January 17, 2008

The Kenya effect

Kenya's current unrest has presented neighbours like Ethiopia with both problems and potential opportunities, as is clear here in Addis Ababa

January 17, 2008

Simon Tsidal

Kenya's traumatic post-election stress disorder is making regional governments jittery.

Knock-on fuel shortages and economic dislocation affecting landlocked Uganda, Rwanda and Burundi are only part of the story.

The sudden turbulence radiating from Nairobi, often characterised as an island of stability in an east African ocean of storms, is proving deeply unsettling politically.

Ethiopia, Kenya's larger, more populous and impoverished northern neighbour, is a leading case in point. The ruling coalition led by the prime minister, Meles Zenawi, is still struggling to overcome the awful legacy of totalitarianism, famine, war and secession 16 years after deposing Mengistu Haile Mariam's Dergue regime.

Officials here in Addis Ababa say progress is being made. Growth is in double digits. State primary education and healthcare provision is expanding.

And the agricultural sector, representing about 50% of the economy, is booming. Although still a recipient of food aid, Ethiopia actually exported $97m worth of cereals and oil seed in the last five months of 2007.

Yet more so even than in Kenya, Ethiopia's bewildering racial and linguistic diversity - there are about 80 distinct ethnic groups - sets daunting political bear traps for the unwary nation builder.

Several regionally based opposition groups, including the Ogaden National Liberation Front and the Oromo Liberation Front, advocate armed struggle. And even the divided parliamentary opposition has not yet forgiven Meles for the disputed 2005 general election that saw dozens of deaths and thousands of arrests - an event compared by critics to what, on a larger scale, is now happening in Kenya.

Adding to Addis's worries, Ethiopia is literally hemmed in by unresolved and potentially ruinously expansive conflicts - in southern Sudan, in Somalia, and along its much fought-over border with Eritrea.

Ethiopia is directly and controversially involved in trying to resolve some of these problems, as in the ongoing struggle against Islamist militancy and warlordism in Mogadishu. But resources are limited.

To this fractious list must now be added Kenya, although officials hope the addition will be temporary. Their evident fear is that Kenyan turmoil, if not stemmed, will indirectly exacerbate regional strife.

Meles, an ally of Kenya's besieged president, Mwai Kibaki, has kept his head down so far. According to the foreign ministry, he telephoned both Kibaki and his rival, Raila Odinga, to urge calm and a peaceful resolution of the crisis.

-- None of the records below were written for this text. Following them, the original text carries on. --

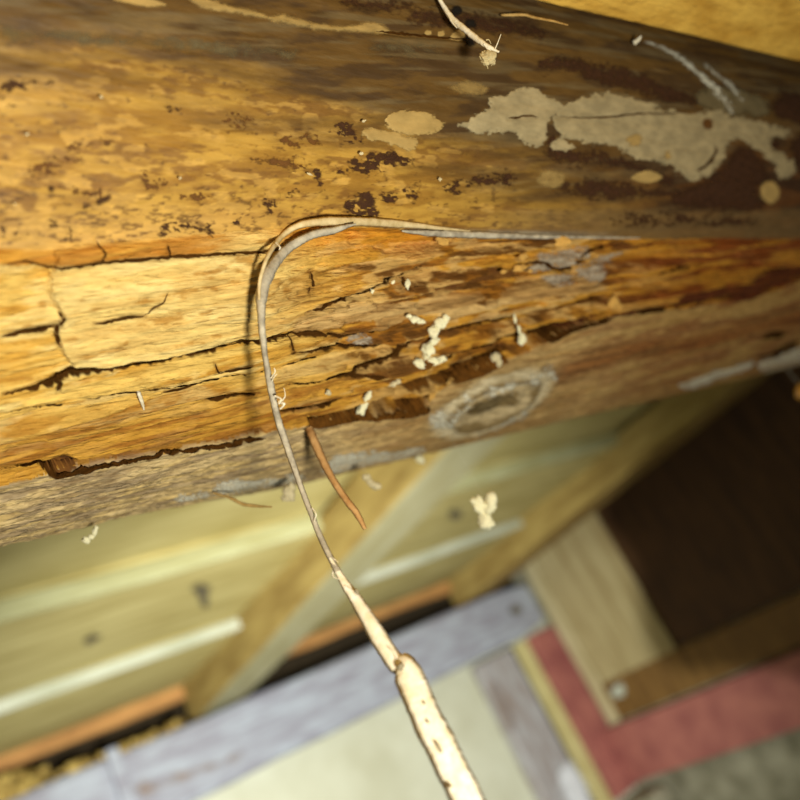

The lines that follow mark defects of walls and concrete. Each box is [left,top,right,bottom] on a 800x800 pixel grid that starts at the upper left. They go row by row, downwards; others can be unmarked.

crack [4,242,279,271]
crack [2,266,613,432]
crack [1,436,264,480]
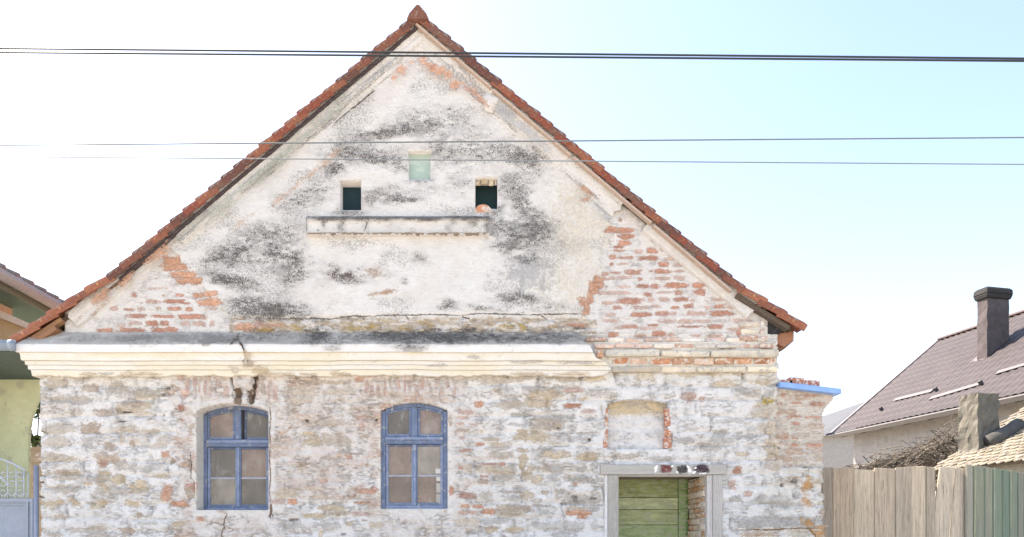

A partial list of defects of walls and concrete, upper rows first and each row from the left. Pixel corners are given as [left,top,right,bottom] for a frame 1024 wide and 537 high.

flaking render [90,241,222,333]
leakage [116,101,602,350]
flaking render [548,219,751,338]
peeling [36,372,207,537]
crack [230,333,273,518]
peeling [223,350,406,406]
peeling [272,415,386,537]
peeling [443,360,643,534]
peeling [637,373,824,537]
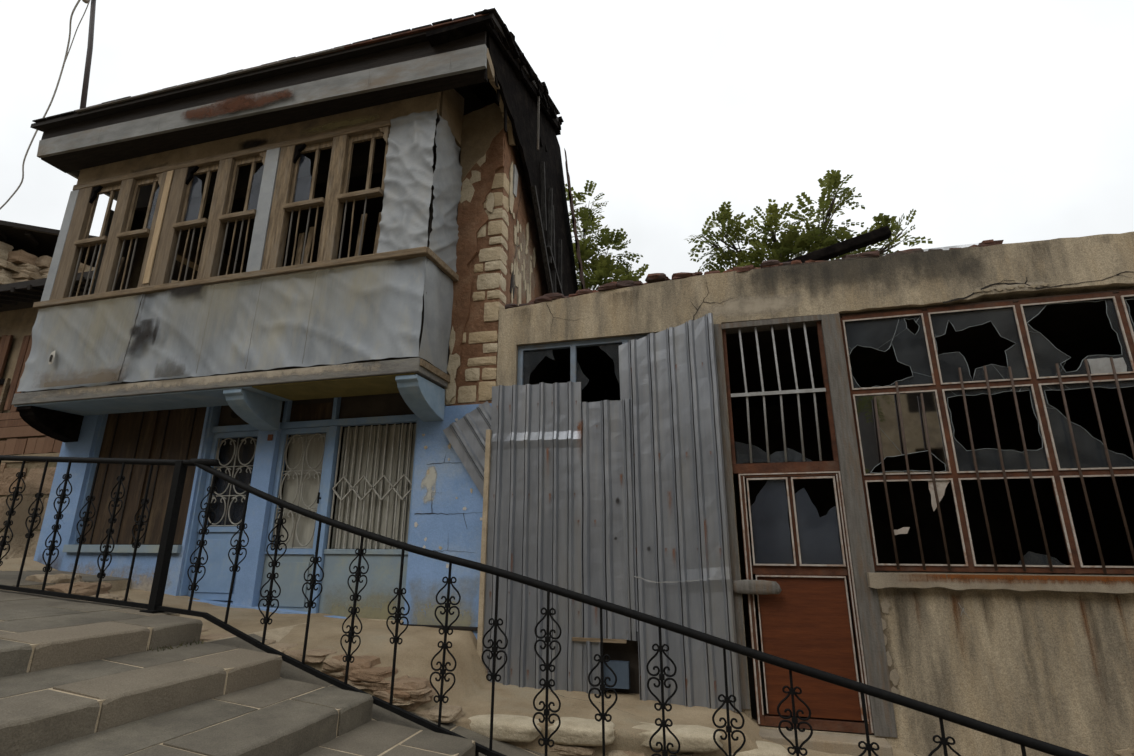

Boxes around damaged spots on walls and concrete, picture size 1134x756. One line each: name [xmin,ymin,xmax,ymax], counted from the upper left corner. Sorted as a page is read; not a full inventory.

rust [183,90,292,119]
flaking render [445,48,536,402]
crack [943,271,1132,303]
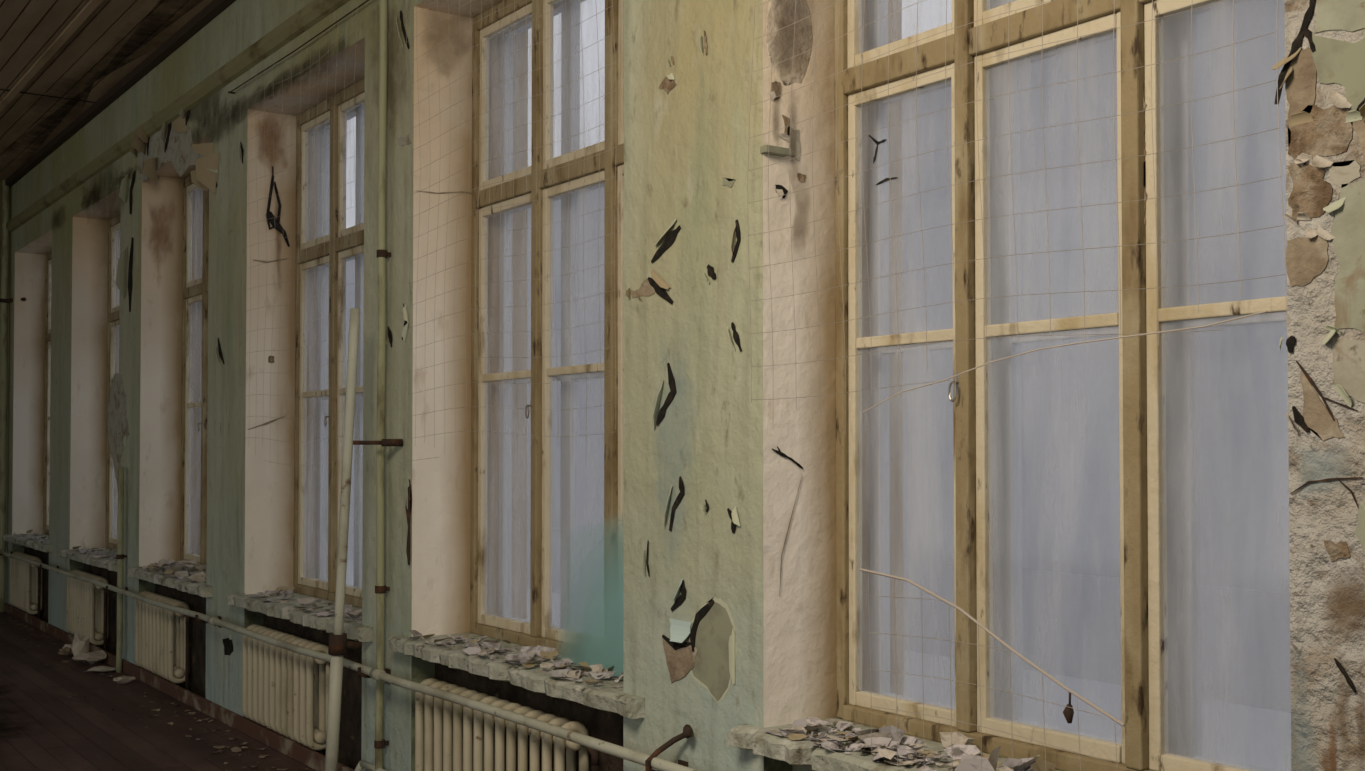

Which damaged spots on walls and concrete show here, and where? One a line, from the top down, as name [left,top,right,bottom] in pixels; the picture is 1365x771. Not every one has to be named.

peeling [119,108,220,214]
flaking render [1271,0,1365,287]
peeling [625,218,681,304]
peeling [703,264,716,284]
peeling [731,219,740,263]
peeling [727,322,742,352]
peeling [653,363,676,427]
flaking render [1279,335,1344,441]
peeling [1324,540,1351,562]
flaking render [662,579,737,703]
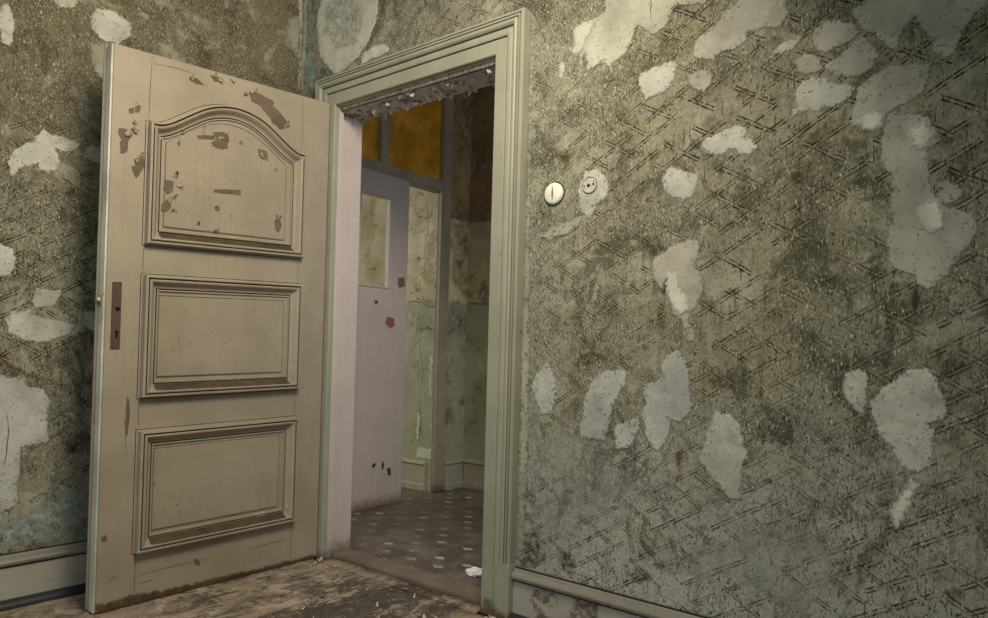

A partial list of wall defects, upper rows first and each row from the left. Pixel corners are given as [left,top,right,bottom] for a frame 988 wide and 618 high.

flaking render [316,0,389,74]
flaking render [572,0,706,71]
flaking render [638,60,678,100]
flaking render [687,0,788,93]
flaking render [8,130,101,177]
flaking render [772,0,988,307]
flaking render [5,288,95,343]
flaking render [652,240,705,342]
flaking render [0,375,51,513]
flaking render [579,349,693,451]
flaking render [698,410,749,500]
flaking render [843,368,948,529]

Stability in Kenya was considered necessary for stability in Ethiopia and the Horn of Africa, it quoted Meles as saying. "Obviously we don't want to see chaos in Kenya. Any fires burning there will surely come to us," a senior official said.

But regional newspaper editorials have been less circumspect. "Much was said about Kenya being a beacon of stability and economic success in the region," the Addis Guardian commented.

"Kenya was a country the west has been brandishing as a model of tolerance and democracy... What the crisis has revealed is that democracy in Africa is still an illusion and that tribalism is the monster that is lurking behind all the pretensions the politicians resort to."

The Sub-Saharan Informer accused the African Union and the Igad regional forum of disastrous dithering. "One wonders whether complacency, indifference or the usual line about 'non-intervention in the internal affairs of a country' is at play here," the paper said.

The presumed failings of African democracy aside, Ethiopia's concerns are tempered by the realisation that Kenya's troubles could bring long-term benefits. Cheaper Ethiopian products, notably cut flowers for export to Europe, are already undercutting previously dominant Kenyan businesses. And the current troubles may usefully serve to remind the US and Britain of an increasingly well-managed Ethiopia's strategic importance in terms of the "war on terror" and regional security, said a leading independent political consultant here.

"Meles does not want himself or Kenya to be told what to do by Gordon Brown or George Bush. The idea of lecturing from Downing Street does not go down well. And there is a sense that the EU's constant criticisms of Kenya have not helped," the consultant said.

"But the Ethiopians do want to convey the idea that they have a stronger core of stability than Kenya, that they have state structures that can survive whatever you throw at them."

In Addis, such proud self-assertiveness in the only major African country never to be colonised feeds an ultimate aim of changing the country's image from basket case to regional powerhouse. They are calling it the Ethiopian renaissance. And despite problems at all points of the compass, they seem pretty determined to make it work.